Long-term opiate use and risk of cardiovascular mortality : results from the Golestan Cohort Study
Published on behalf of the European Society of Cardiology. All rights reserved. © The Author(s) 2020. For permissions, please email: journals.permissionsoup.com..
AIMS: Tens of millions of people worldwide use opiates but little is known about their potential role in causing cardiovascular diseases. We aimed to study the association of long-term opiate use with cardiovascular mortality and whether this association is independent of the known risk factors.

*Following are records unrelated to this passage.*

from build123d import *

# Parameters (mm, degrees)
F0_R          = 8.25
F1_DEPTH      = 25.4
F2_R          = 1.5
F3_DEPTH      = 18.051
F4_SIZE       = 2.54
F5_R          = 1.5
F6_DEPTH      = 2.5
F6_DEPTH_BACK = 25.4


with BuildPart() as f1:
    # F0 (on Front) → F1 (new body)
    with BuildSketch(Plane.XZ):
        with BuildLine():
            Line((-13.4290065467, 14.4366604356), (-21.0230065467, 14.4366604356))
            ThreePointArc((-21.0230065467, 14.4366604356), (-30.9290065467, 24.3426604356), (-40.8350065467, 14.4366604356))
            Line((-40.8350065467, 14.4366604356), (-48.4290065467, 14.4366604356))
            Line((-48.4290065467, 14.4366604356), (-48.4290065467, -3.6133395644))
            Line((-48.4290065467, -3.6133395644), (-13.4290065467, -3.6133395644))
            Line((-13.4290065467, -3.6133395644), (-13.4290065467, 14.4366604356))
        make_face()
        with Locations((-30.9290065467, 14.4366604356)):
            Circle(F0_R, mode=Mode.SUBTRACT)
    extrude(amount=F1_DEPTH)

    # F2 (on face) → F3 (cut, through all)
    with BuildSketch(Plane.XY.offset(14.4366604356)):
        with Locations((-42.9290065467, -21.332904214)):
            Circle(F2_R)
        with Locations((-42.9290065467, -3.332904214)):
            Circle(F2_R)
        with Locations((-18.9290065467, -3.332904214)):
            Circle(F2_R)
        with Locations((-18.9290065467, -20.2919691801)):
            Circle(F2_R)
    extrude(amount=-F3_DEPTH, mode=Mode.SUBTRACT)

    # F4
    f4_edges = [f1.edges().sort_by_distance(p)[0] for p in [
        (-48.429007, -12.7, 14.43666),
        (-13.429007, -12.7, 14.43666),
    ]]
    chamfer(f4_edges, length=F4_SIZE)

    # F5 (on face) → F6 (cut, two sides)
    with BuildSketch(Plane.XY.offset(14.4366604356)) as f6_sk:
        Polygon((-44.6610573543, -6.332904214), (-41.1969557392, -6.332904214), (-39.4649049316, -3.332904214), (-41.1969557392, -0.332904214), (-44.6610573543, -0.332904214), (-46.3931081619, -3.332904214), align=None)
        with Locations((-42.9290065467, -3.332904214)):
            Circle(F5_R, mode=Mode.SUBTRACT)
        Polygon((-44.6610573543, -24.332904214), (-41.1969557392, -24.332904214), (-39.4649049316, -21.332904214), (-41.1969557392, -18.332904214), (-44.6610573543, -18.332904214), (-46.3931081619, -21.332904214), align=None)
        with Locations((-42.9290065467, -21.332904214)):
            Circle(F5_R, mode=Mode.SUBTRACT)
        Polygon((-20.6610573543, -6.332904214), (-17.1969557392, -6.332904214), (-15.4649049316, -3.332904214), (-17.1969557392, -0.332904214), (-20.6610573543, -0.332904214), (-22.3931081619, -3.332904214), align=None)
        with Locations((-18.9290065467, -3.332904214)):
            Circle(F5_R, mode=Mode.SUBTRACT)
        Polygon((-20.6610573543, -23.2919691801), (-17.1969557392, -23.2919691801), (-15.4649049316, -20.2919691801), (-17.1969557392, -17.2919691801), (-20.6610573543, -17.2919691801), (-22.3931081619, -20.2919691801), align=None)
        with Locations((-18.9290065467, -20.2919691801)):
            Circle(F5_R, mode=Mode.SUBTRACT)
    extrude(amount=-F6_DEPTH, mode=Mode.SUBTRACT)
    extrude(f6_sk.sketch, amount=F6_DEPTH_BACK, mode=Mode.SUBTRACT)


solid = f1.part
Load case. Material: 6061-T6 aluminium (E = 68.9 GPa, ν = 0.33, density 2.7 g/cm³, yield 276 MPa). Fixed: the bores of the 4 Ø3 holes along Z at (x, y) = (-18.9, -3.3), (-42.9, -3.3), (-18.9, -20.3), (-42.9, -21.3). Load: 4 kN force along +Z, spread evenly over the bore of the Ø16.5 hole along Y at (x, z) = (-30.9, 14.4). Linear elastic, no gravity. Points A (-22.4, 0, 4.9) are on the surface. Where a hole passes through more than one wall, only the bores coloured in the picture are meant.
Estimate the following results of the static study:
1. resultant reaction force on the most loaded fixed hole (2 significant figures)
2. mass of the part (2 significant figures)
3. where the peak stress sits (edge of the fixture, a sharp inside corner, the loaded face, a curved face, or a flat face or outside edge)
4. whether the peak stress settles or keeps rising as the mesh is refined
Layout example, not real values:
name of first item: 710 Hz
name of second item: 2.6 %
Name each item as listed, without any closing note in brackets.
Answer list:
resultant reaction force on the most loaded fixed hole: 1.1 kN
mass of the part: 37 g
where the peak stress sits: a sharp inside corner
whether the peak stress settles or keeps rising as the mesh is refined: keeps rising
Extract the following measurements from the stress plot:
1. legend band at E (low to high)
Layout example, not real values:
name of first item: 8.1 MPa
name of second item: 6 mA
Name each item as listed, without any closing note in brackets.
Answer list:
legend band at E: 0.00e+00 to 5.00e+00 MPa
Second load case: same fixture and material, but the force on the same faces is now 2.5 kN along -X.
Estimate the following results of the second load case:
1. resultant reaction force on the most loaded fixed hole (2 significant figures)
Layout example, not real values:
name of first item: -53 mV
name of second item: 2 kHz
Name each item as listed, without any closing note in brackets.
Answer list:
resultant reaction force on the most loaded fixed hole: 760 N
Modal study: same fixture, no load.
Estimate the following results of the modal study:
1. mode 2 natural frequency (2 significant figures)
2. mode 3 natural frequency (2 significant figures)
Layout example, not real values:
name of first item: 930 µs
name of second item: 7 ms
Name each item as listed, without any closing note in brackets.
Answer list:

METHODS AND RESULTS: In the population-based Golestan Cohort Study-50 045 Iranian participants, 40-75 years, 58% women-we used Cox regression to estimate hazard ratios and 95% confidence intervals (HRs, 95% CIs) for the association of opiate use (at least once a week for a period of 6 months) with cardiovascular mortality, adjusting for potential confounders-i.e. age, sex, education, wealth, residential place, marital status, ethnicity, and tobacco and alcohol use. To show independent association, the models were further adjusted for hypertension, diabetes, waist and hip circumferences, physical activity, fruit/vegetable intake, aspirin and statin use, and history of cardiovascular diseases and cancers. In total, 8487 participants (72.2% men) were opiate users for a median (IQR) of 10 (4-20) years. During 548 940 person-years-median of 11.3 years, >99% success follow-up-3079 cardiovascular deaths occurred, with substantially higher rates in opiate users than non-users (1005 vs. 478 deaths/100 000 person-years). Opiate use was associated with increased cardiovascular mortality, with adjusted HR (95% CI) of 1.63 (1.49-1.79). Overall 10.9% of cardiovascular deaths were attributable to opiate use. The association was independent of the traditional cardiovascular risk factors.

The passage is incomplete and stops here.